Practical application of toxicogenomics for profiling toxicant-induced biological perturbations

Abstract

A systems-level understanding of molecular perturbations is crucial for evaluating chemical-induced toxicity risks appropriately, and for this purpose comprehensive gene expression analysis or toxicogenomics investigation is highly advantageous. The recent accumulation of toxicity-associated gene sets (toxicogenomic biomarkers), enrichment in public or commercial large-scale microarray database and availability of open-source software resources facilitate our utilization of the toxicogenomic data. However, toxicologists, who are usually not experts in computational sciences, tend to be overwhelmed by the gigantic amount of data. In this paper we present practical applications of toxicogenomics by utilizing biomarker gene sets and a simple scoring method by which overall gene set-level expression changes can be evaluated efficiently. Results from the gene set-level analysis are not only an easy interpretation of toxicological significance compared with individual gene-level profiling, but also are thought to be suitable for cross-platform or cross-institutional toxicogenomics data analysis. Enrichment in toxicogenomics databases, refinements of biomarker gene sets and scoring algorithms and the development of user-friendly integrative software will lead to better evaluation of toxicant-elicited biological perturbations.
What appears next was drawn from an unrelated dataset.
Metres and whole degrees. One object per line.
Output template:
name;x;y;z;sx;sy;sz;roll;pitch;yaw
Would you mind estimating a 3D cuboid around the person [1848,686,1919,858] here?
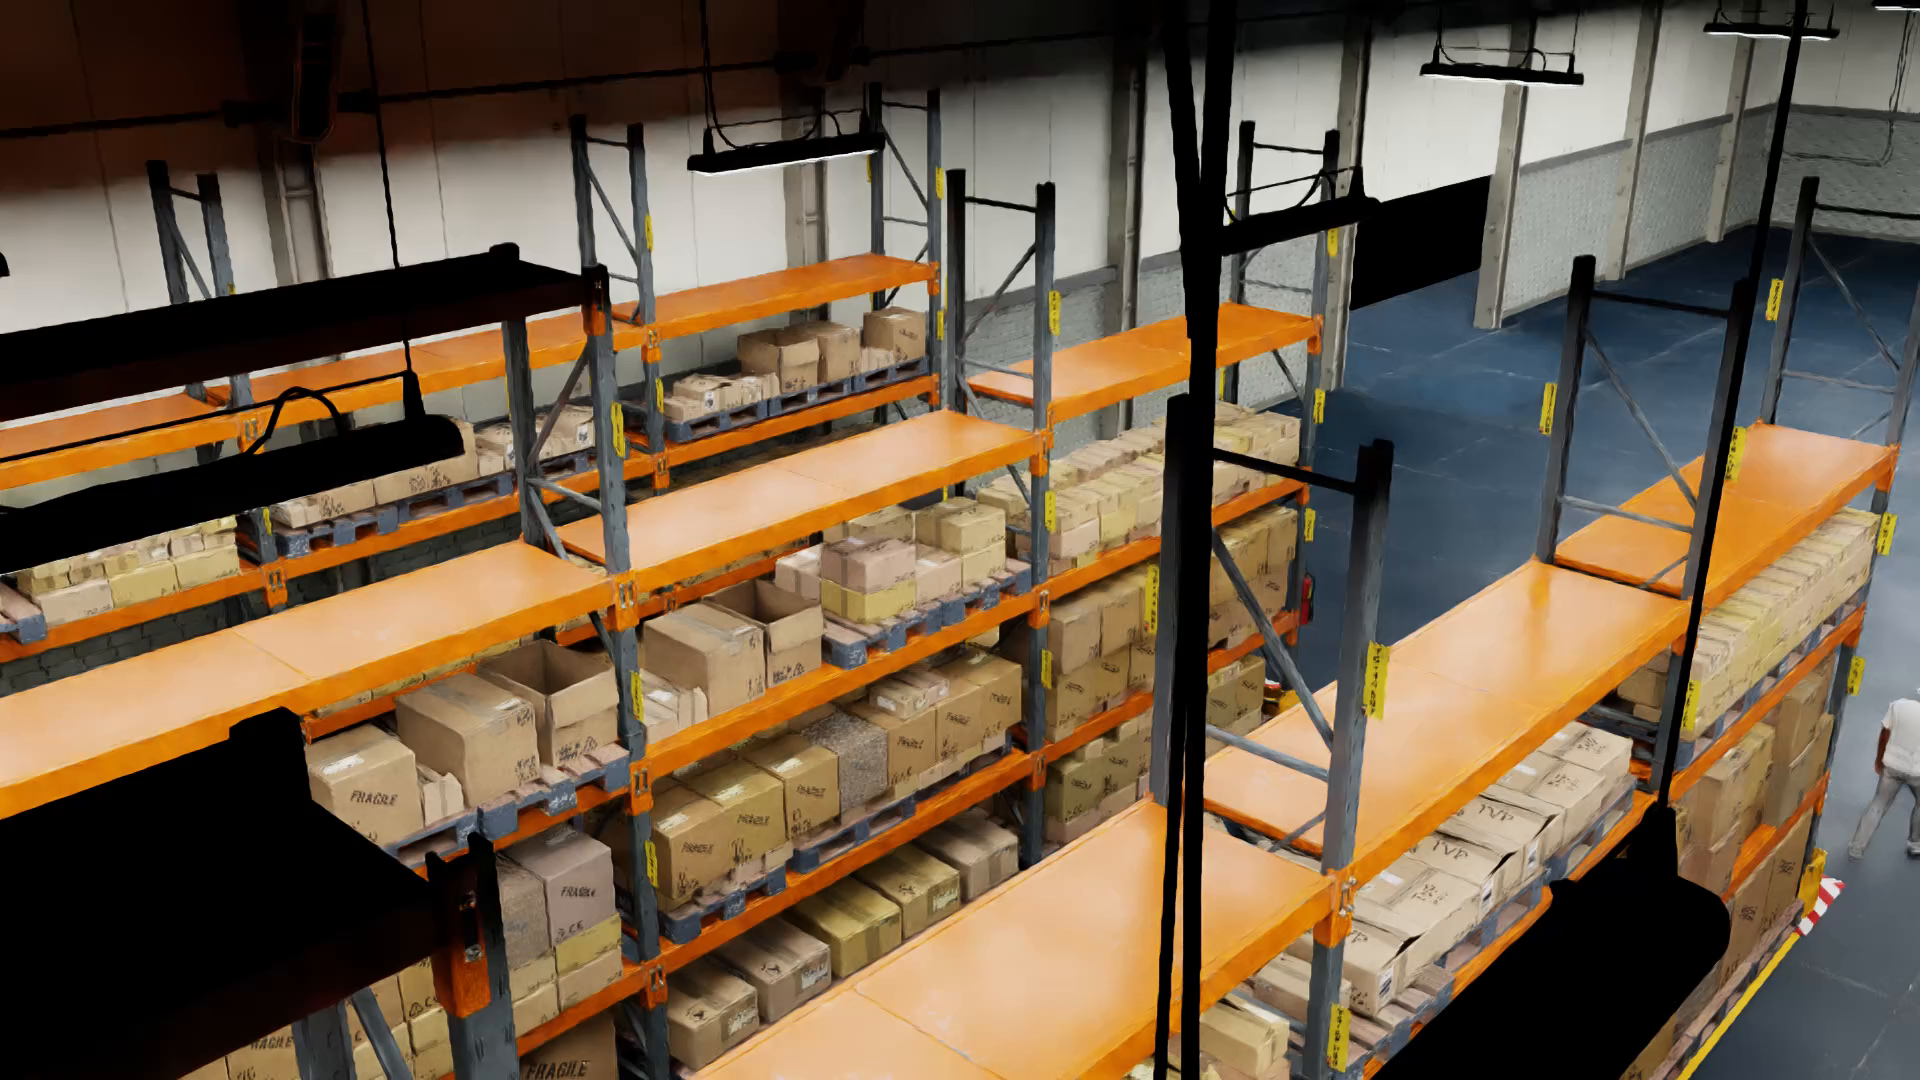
person;8.270;1.983;14.537;0.940;1.728;0.599;-13;24;-29

Keywords: bioinformatics; biomarker; microarray; systems biology; toxicogenomics.

Figure 1

Expression profiling for toxicogenomic biomarker gene sets. Gene sets whose expression levels are closely associated with cell proliferation, glutathione metabolism and inflammatory responses are presented. The heat map represents gene expression changes, where up-regulation, no change and down-regulation are colored in red, white and blue, respectively.

Figure 2

Scoring multiple toxicological endpoints using toxicogenomics data. Multiple toxicological endpoint-associated gene sets or TGx biomarkers need to be prepared in advance, and the overall expression changing levels for each gene set are calculated by certain algorithms such as the D-score, by which affected levels for each biological pathway can be evaluated intuitively.

Figure 3

Detection of affected toxicological endpoints by D-score. (A) Rats were treated with prototypical hepatotoxicants acetaminophen (APAP), phenobarbital (PB), clofibrate (CFB) or acetamidofluorene (AAF), and the hepatic microarray data were obtained at 3, 6, 9 and 24 h after treatment. The D-score highlights the activated toxicological endpoints elicited by the chemicals: glutathione depletion and inflammation by APAP, Cyp2b/Cyp3a induction by PB, PPARα activation by CFB and Cyp1 induction by AAF; (B) All the D-scores except for that of Cyp2b exhibited a clear dose-response. Data are reprinted from [31] with permission from Elsevier.

Figure 4

Gene set- and phenotype-level network analysis. A large-scale TGx database, TG-GATE, was used for extracting statistically significant relationships among gene sets and phenotypes by utilizing a GGM algorithm. The network consists of D-scores for 58 gene sets, as well as changing levels of phenotype data such as organ weight, blood chemistry and hematology. Purple and green represent positive and negative partial correlation coefficients, respectively, and the width of the lines represents strength of the correlation measured with partial correlation coefficient. The network was drawn with open-source software Cytoscape.

Figure 5

Time course of D-score: Radar chart presentation. D-scores were calculated for rat livers harvested at 2, 6, 12 and 24 h after bromobenzene treatment, and are presented in a radar chart. The red line indicates the D-score for each gene set, and the blue circle indicates a D-score = 20 for each gene set. Detailed information for the gene sets used can be obtained in a previous report [42].

Figure 6

Time course of D-score: Heat map presentation. Red and blue indicate high and low D-scores, or up- and down-regulation for each gene set, respectively. The heat map indicates that the first trigger invoked by bromobenzene exposure was glutathione depletion and associated oxidative stress responses, followed by cell death, inflammation and up-regulation of antioxidant factors, as well as down-regulation of energy metabolism and drug metabolizing enzymes.

Figure 7

Network structure presentation of D-scores. Biological and toxicological relationships among gene sets were visualized as a supervised network using GraphViz software. The D-scores calculated for microarray data on rat livers at 24 h after bromobenzene treatment are presented in a network structure using GraphViz software, where red and blue indicate high and low D-scores, respectively. The network demonstrates oxidative stress and DNA damage were induced by bromobenzene treatment, while sterol metabolism was down-regulated.

Figure 8

Analytical flow for toxicity evaluation using TGx data. (A) Radar chart for D-scores using 58 gene sets; (B) Box plot for comparative analysis using a reference TGx database; (C) Heat map for individual genes; (D) TGx reference database and TGx biomarker knowledgebase; (E) Unsupervised gene set-level network inference to extract toxicological relationships among pathways; (F) Supervised gene set-level network.